**WHAT THE EXERCISE ASKS**
Print the line containing "Point to the block", then every line after it through the end of the material, exactly as written and without pictures.

=== Begin Enclosure ===

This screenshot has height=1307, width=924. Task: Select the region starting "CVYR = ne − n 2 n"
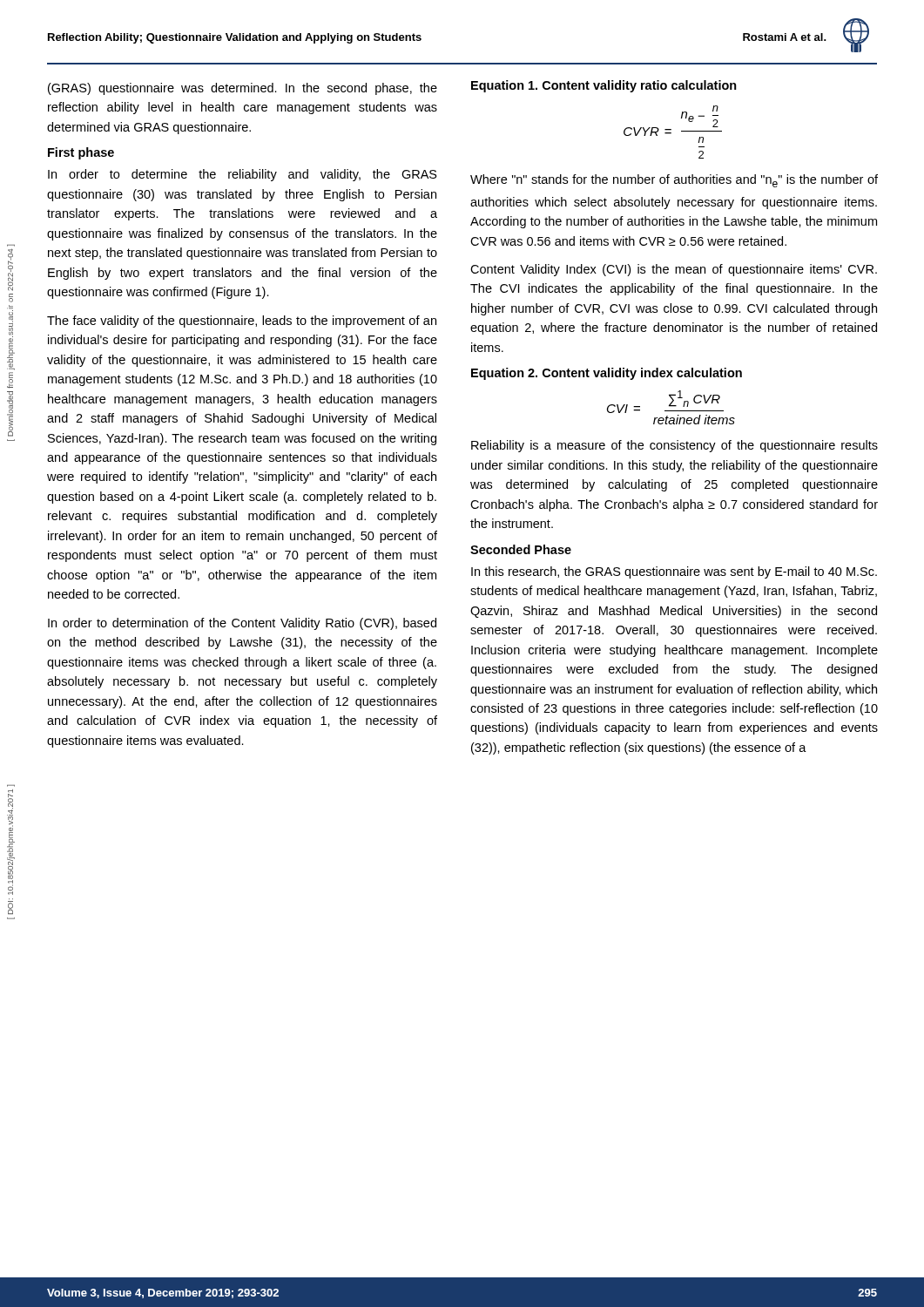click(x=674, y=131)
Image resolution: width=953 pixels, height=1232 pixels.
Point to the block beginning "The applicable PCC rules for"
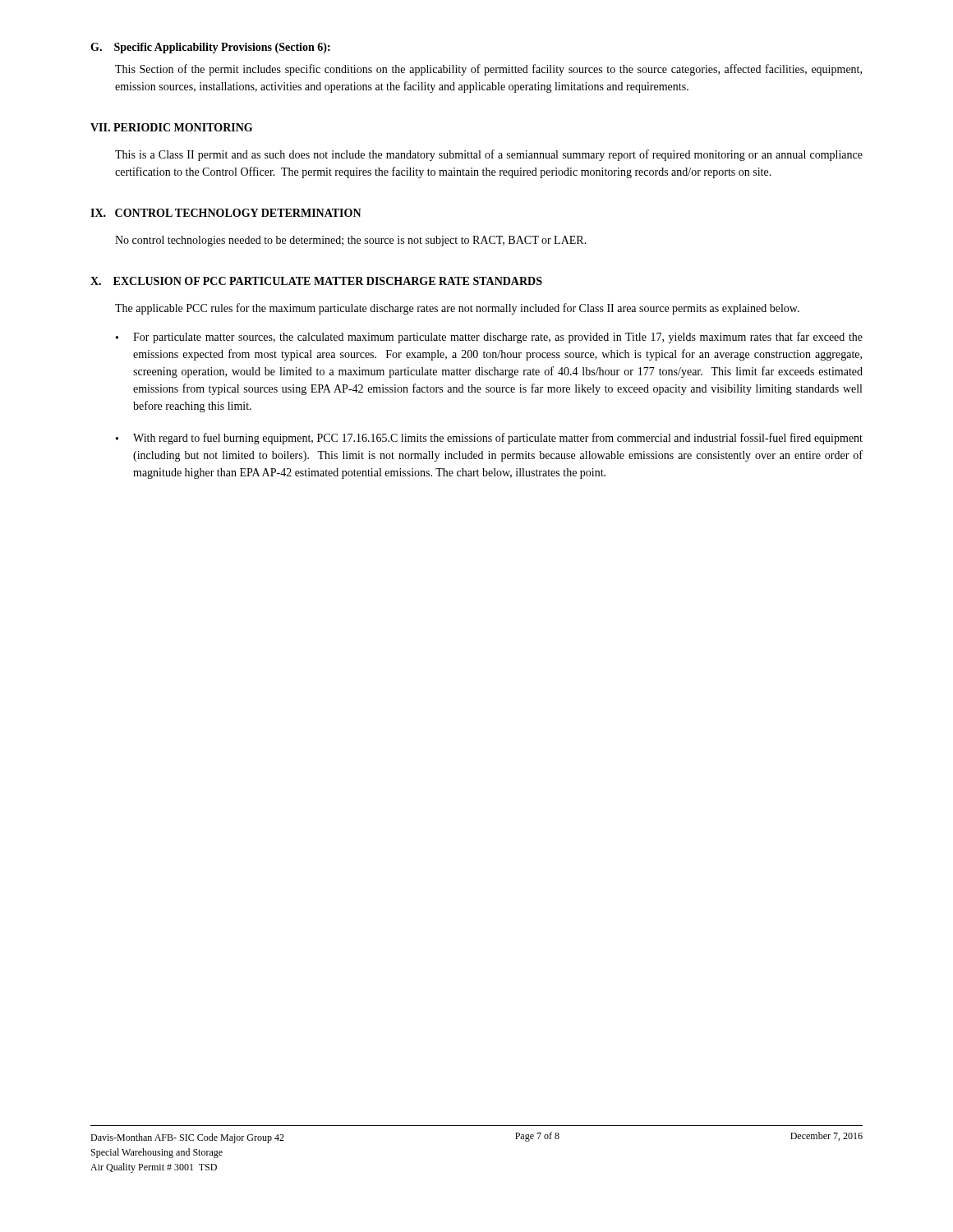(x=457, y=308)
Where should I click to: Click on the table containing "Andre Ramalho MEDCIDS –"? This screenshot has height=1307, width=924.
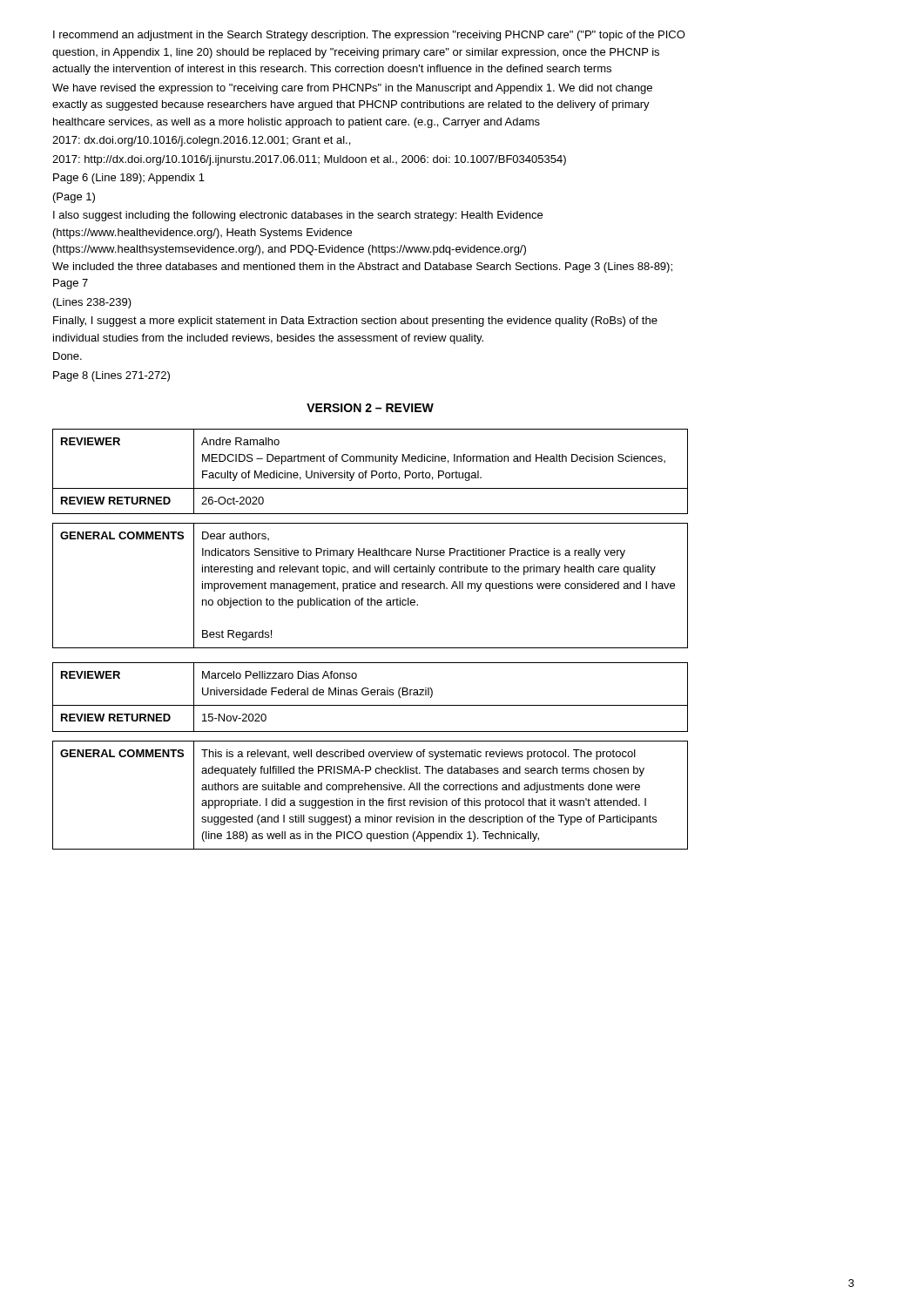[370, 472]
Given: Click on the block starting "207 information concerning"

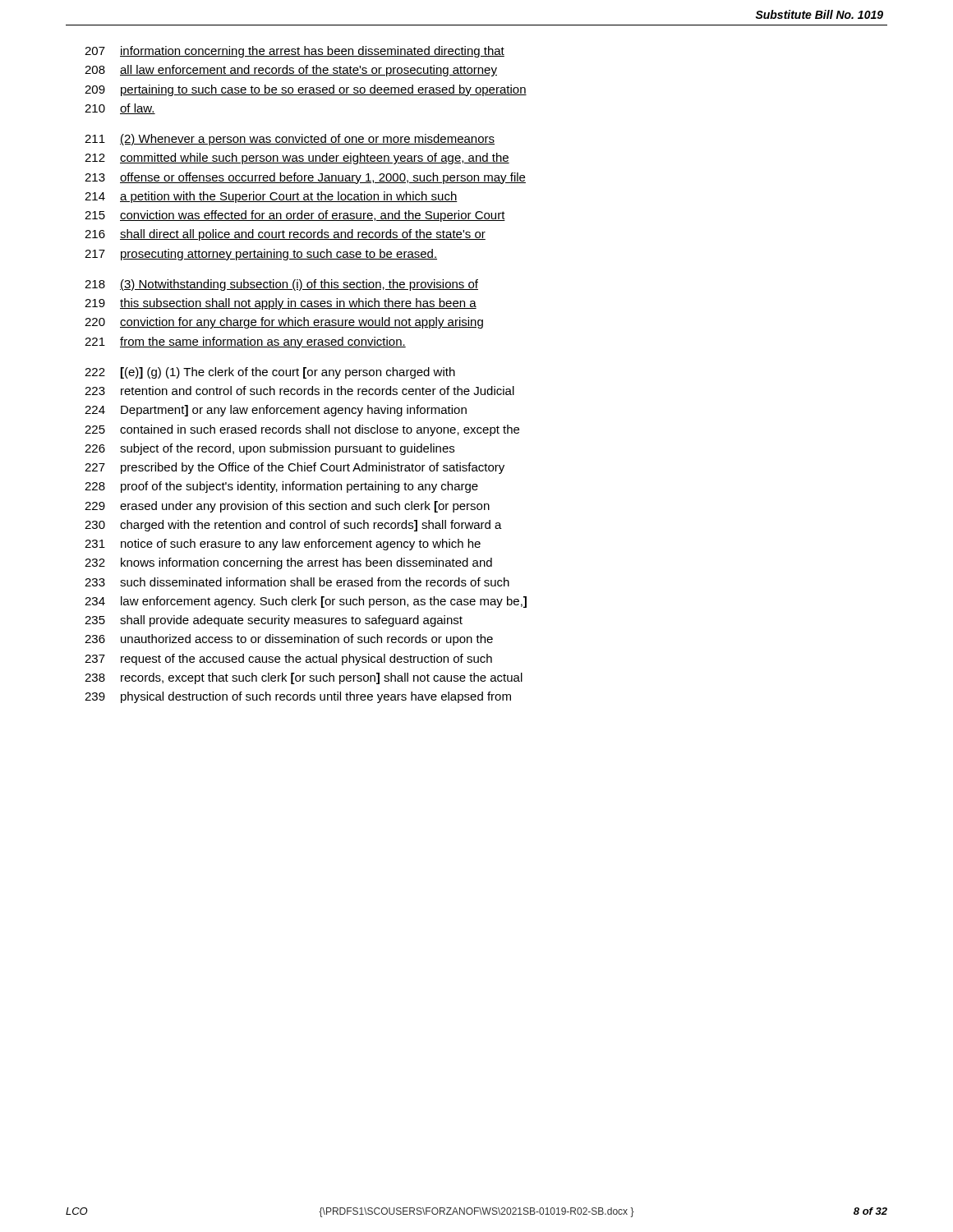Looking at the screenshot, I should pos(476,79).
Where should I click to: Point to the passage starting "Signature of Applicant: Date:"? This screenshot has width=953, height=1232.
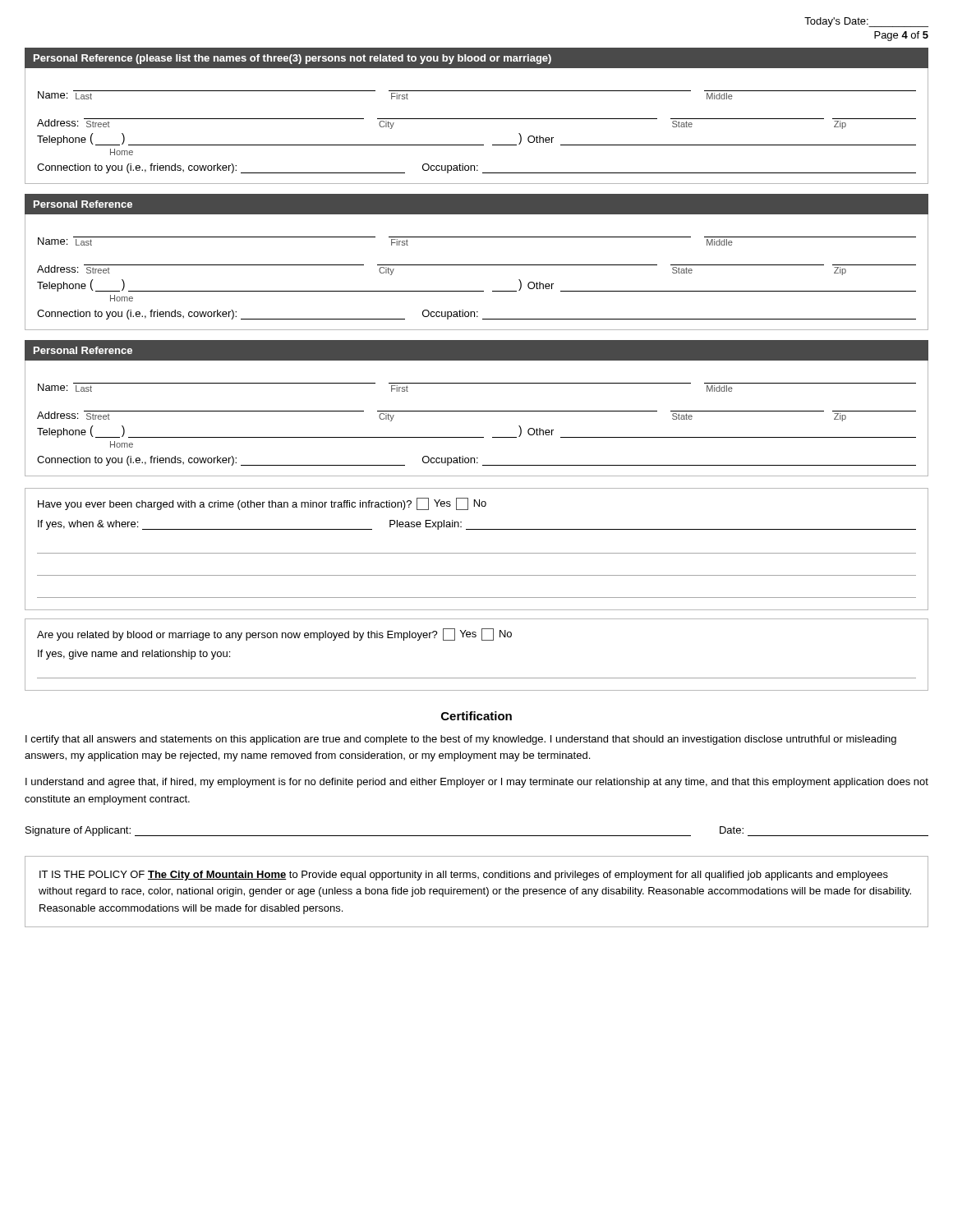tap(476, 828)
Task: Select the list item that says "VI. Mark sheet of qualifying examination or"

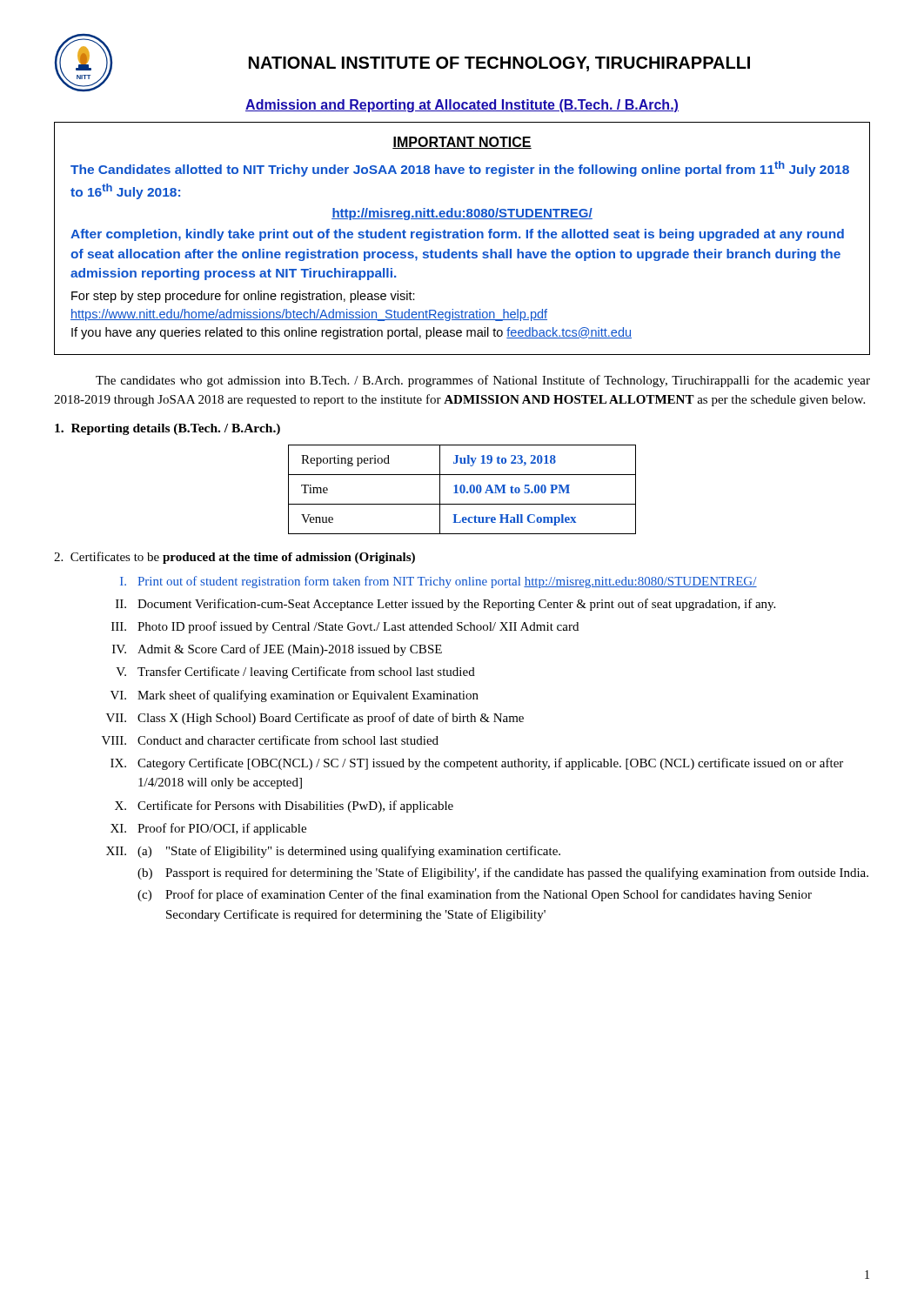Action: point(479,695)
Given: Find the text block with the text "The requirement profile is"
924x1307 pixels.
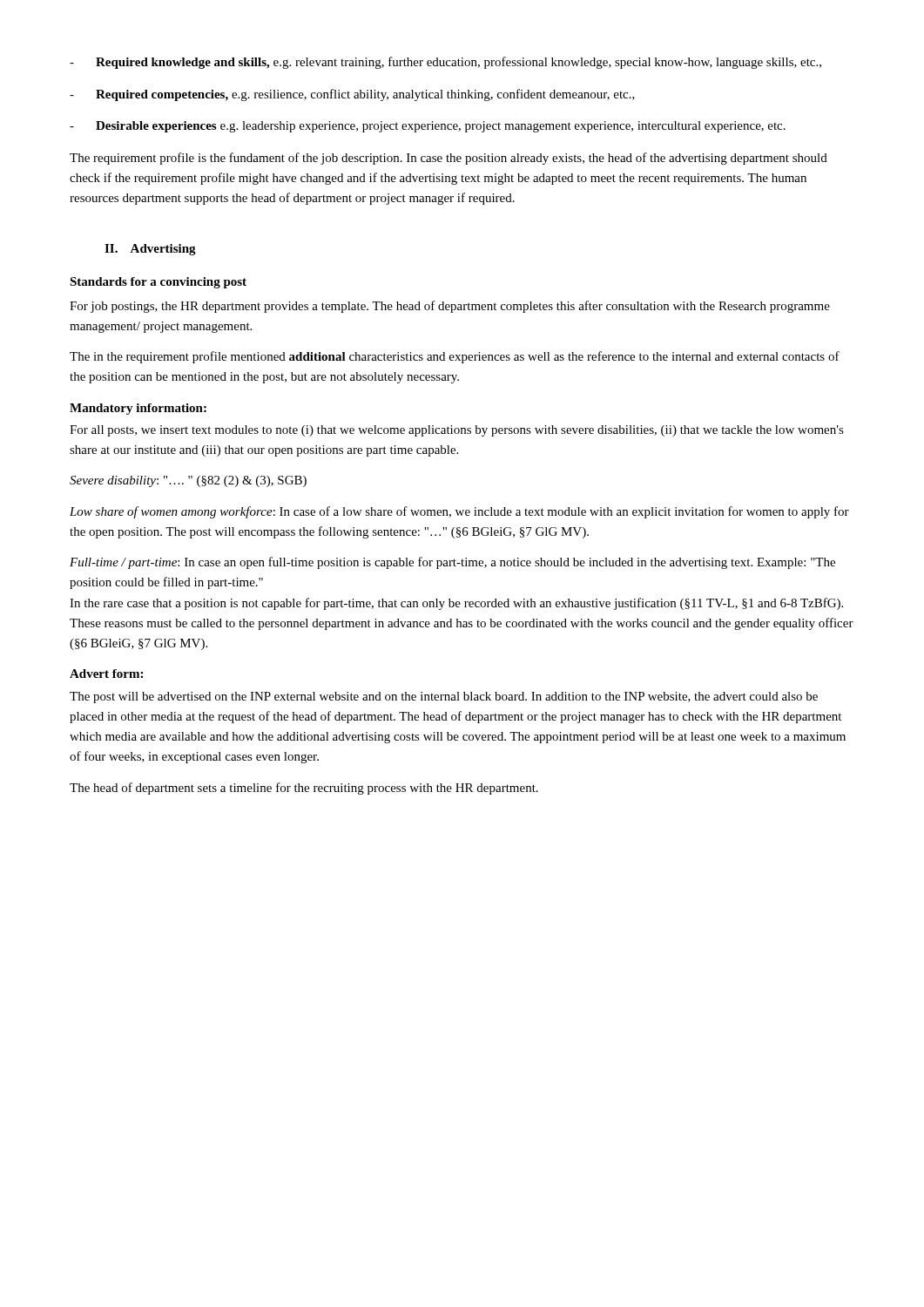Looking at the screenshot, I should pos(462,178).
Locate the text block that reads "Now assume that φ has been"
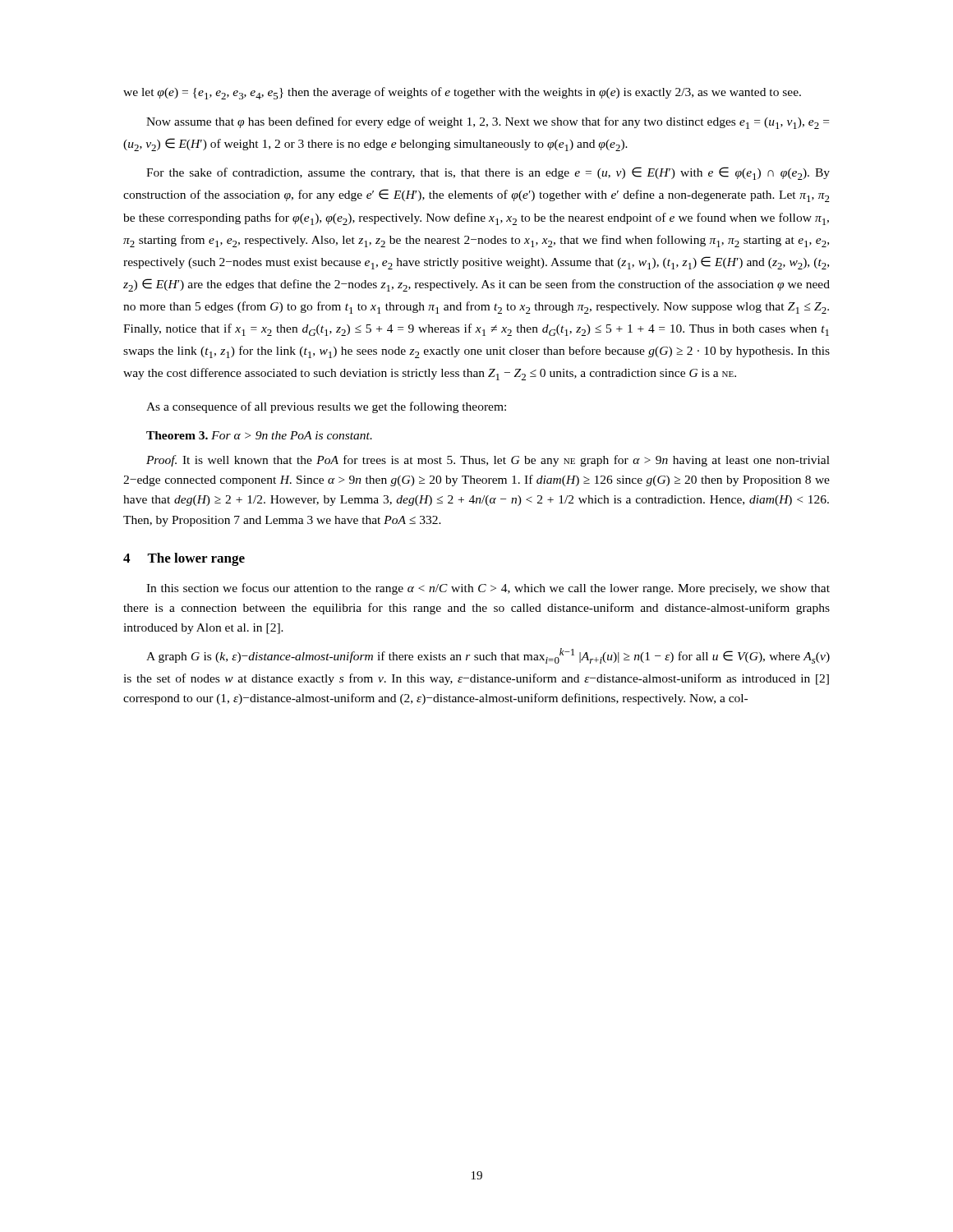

=== End Enclosure ===

**RESPONSE TO THIS TASK**
Point to the block beginning "The applicable PCC rules for"
(x=457, y=308)
Where should I click to: Click on the table containing "Andre Ramalho MEDCIDS –"? This screenshot has height=1307, width=924.
[370, 472]
Given: Click on the block starting "207 information concerning"

Looking at the screenshot, I should pos(476,79).
Where should I click to: Point to the passage starting "Signature of Applicant: Date:"? This screenshot has width=953, height=1232.
tap(476, 828)
Task: Select the list item that says "VI. Mark sheet of qualifying examination or"

Action: point(479,695)
Given: Find the text block with the text "The requirement profile is"
924x1307 pixels.
Looking at the screenshot, I should pos(462,178).
Locate the text block that reads "Now assume that φ has been"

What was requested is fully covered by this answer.